A economia não é movida por desejos, mas por incentivos. Chega de pecar. É momento de refletir


Fernanda Torres é o personagem de João Ubaldo Ribeiro na peça “A casa dos Budas ditosos”, dirigida por Domingos de Oliveira. Monólogo de quase duas horas. Um espetáculo de atuação e de texto, escrito há mais de 17 anos, como parte de uma instigante coleção intitulada “Plenos Pecados”, da Editora Objetiva. O mote da coletânea é tratar dos sete pecados capitais. Há, assim, sete livros, escritos por sete talentosos autores (5 brasileiros, um argentino e um chileno), cada um narrando os custos e os benefícios de sentir e/ou agir com: avareza (Ariel Dorfman), gula (Luis Fernando Veríssimo), ira (José Roberto Toledo), inveja (Zuenir Venura), luxúria (João Ubaldo Ribeiro), preguiça (João Gilberto Noll) e soberba (Tomás Eloy Martinez). Todos os temas são um convite a reflexão, mas é possível relacionar o problema central do desenvolvimento econômico brasileiro com um destes pecados: a soberba grupal.

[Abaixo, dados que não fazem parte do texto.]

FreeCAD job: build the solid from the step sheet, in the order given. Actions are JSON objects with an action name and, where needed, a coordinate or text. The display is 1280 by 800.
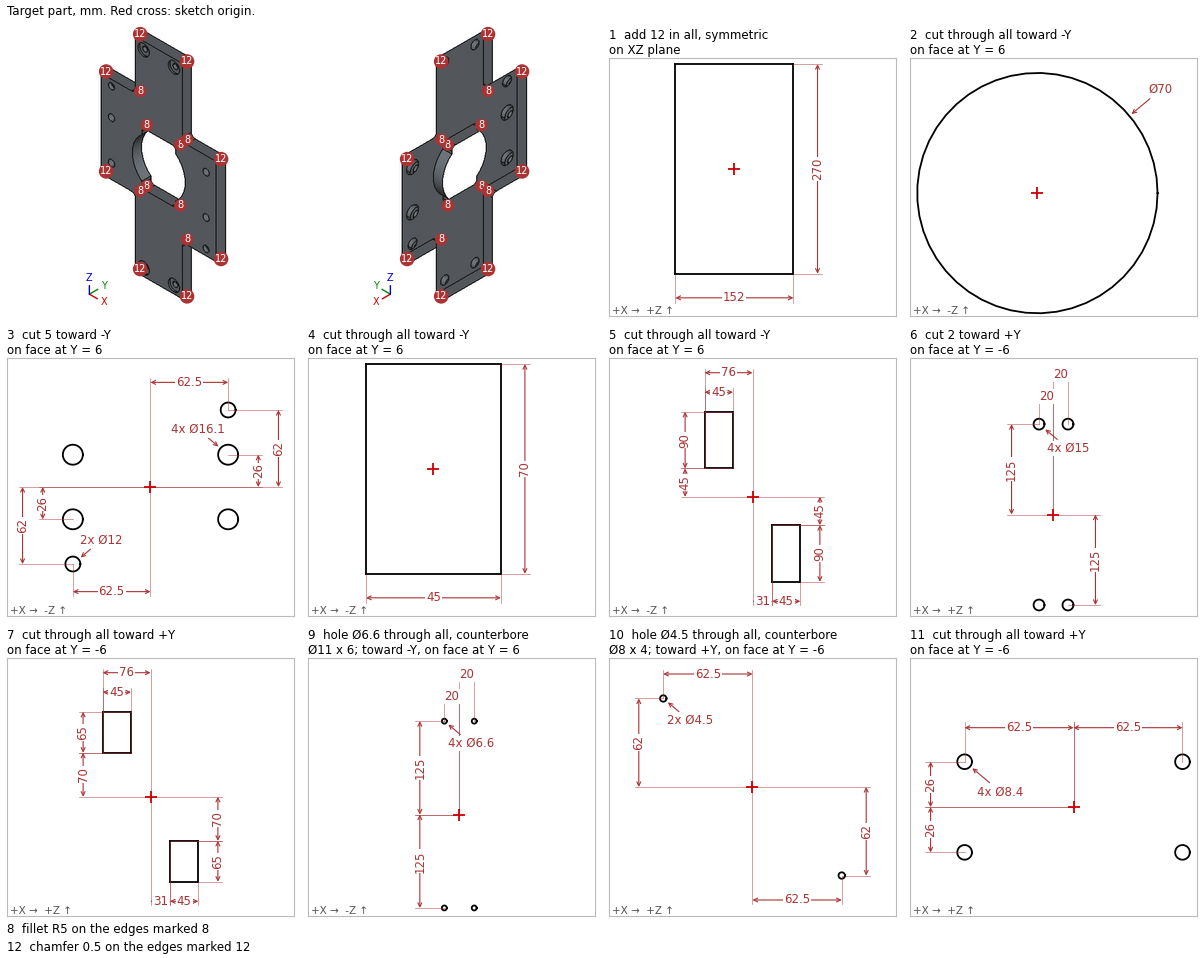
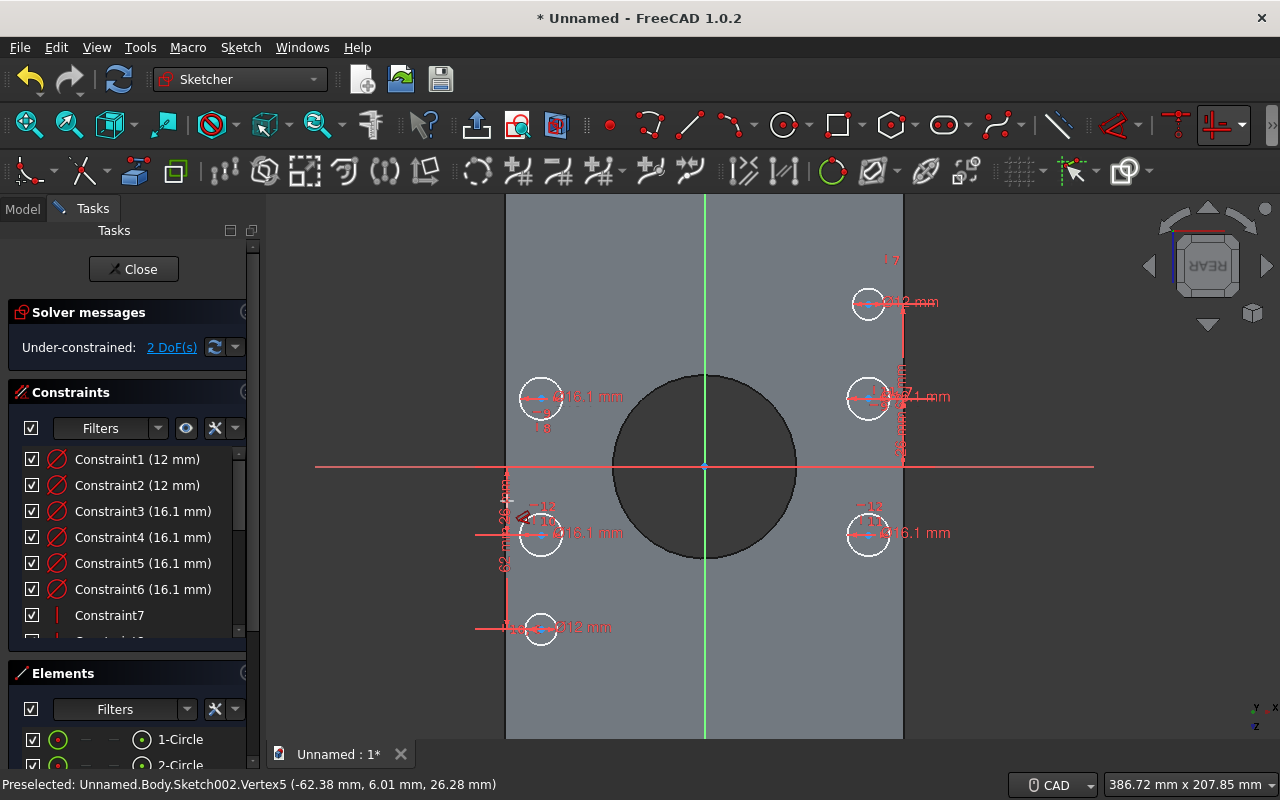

Ao contrario da humildade, a soberba significa orgulho, arrogância, presunção; podendo se manifestar de maneira individual ou grupal. No segundo caso, em particular, dentre as várias facetas da soberba, tem-se o corporativismo, em que uma “panela” crê, por alguma razão, ser superior aos demais cidadãos.


O problema do Brasil é o incontável número de corporações existentes, que, em seus discursos, brandam por um país melhor e mais justo. Óbvio. Por que se manifestariam de forma diferente? Na prática, entretanto, agem como se a realidade fosse outra, fogem de suas reais responsabilidades como partes incontestes do problema e vociferam por seus supostos direitos. Afinal, julgam ser exceções do resto da população. Na verdade, querem privilégios ou não deixar de tê-los. Pior. Com fortes lobbies, em muitos casos, logram alterar importantes marcos normativos, que estavam na direção correta, ou inviabilizar relevantes mudanças legislativas, que alterariam a direção de alguma política equivocada. Como consequência, conforme prevê o law and economics, por via dos incentivos econômicos, colaboram para frear o crescimento e o desenvolvimento do país. É fato: leis alteram o comportamento dos indivíduos. É ação e reação.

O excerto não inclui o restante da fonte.